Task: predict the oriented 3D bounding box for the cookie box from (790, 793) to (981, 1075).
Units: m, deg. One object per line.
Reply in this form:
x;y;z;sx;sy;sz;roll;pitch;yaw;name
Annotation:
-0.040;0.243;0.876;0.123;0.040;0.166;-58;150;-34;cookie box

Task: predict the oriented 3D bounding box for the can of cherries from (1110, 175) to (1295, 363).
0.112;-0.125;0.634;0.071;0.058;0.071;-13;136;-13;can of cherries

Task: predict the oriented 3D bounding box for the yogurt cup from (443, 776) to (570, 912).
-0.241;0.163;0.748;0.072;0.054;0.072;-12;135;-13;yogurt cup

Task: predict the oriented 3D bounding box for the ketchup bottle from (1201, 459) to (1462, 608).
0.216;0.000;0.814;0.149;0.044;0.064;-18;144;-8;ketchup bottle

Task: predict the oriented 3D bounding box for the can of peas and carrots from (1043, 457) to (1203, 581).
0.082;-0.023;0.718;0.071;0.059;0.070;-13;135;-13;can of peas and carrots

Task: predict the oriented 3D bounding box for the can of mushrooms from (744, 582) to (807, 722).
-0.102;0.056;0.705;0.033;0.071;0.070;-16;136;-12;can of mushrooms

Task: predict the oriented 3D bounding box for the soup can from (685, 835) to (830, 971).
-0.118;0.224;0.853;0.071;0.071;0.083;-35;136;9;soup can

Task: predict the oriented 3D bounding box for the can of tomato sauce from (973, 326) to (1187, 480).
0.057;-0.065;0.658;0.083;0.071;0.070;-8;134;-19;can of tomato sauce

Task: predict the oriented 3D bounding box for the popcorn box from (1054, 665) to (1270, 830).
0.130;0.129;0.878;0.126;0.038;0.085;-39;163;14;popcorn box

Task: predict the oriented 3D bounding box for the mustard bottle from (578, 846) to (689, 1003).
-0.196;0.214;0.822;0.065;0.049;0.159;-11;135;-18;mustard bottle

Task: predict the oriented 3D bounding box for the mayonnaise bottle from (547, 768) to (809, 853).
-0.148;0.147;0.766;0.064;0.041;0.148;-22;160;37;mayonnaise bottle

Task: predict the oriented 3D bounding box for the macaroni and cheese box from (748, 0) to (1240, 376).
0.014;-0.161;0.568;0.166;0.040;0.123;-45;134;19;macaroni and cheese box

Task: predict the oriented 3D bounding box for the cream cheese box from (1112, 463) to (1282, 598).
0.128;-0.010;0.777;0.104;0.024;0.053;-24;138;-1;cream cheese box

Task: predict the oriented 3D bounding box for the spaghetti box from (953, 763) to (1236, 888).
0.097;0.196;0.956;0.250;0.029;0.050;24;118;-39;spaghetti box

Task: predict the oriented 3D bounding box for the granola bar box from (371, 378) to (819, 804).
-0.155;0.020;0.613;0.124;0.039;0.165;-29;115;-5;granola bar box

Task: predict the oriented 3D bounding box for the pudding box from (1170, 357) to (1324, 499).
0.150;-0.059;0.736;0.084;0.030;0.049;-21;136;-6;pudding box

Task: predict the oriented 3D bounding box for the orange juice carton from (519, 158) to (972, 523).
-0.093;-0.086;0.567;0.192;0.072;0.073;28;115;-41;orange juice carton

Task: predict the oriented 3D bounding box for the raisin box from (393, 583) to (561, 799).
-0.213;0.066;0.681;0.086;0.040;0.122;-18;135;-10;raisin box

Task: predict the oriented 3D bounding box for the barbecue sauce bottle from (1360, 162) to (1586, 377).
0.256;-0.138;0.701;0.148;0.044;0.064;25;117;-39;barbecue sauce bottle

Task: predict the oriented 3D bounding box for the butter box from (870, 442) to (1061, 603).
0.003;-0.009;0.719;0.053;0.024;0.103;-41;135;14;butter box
---
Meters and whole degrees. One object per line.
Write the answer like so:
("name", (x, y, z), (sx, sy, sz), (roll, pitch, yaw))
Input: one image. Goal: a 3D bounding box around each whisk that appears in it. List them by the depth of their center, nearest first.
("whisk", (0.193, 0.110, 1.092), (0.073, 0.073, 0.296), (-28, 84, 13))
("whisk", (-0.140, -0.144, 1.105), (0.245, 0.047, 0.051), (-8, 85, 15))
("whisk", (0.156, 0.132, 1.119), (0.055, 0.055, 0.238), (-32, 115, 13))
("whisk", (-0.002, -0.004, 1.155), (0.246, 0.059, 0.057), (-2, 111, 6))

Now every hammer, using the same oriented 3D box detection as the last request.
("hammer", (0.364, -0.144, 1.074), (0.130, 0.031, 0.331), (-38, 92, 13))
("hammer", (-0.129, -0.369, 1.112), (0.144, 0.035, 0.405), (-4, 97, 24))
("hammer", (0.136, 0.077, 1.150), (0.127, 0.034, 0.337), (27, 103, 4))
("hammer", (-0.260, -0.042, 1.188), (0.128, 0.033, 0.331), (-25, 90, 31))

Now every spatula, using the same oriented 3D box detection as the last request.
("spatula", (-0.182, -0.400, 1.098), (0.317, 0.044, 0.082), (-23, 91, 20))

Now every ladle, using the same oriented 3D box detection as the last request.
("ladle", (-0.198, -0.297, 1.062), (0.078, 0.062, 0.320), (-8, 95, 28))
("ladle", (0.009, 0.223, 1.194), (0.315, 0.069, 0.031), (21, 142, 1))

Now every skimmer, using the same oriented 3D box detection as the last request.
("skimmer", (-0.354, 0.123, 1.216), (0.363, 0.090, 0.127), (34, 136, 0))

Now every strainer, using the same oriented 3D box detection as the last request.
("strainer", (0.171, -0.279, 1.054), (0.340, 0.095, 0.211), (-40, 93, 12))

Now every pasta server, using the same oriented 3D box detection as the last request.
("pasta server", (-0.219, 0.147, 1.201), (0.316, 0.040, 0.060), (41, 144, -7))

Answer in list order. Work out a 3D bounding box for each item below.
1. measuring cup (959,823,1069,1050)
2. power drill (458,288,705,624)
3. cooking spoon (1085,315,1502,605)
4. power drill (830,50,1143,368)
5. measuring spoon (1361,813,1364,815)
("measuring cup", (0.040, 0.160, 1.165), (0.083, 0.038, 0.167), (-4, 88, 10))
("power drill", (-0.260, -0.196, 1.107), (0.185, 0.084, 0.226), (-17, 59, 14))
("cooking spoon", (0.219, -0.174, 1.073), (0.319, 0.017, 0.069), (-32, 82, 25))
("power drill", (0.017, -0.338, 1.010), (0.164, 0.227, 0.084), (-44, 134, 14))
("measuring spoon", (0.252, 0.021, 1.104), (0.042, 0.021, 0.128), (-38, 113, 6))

## YOUR INSTRUCTIONS:
Going through the material above, tally each line holding the word "pitch", then give the total and nothing else.

## EXERCISE SOLUTION:
2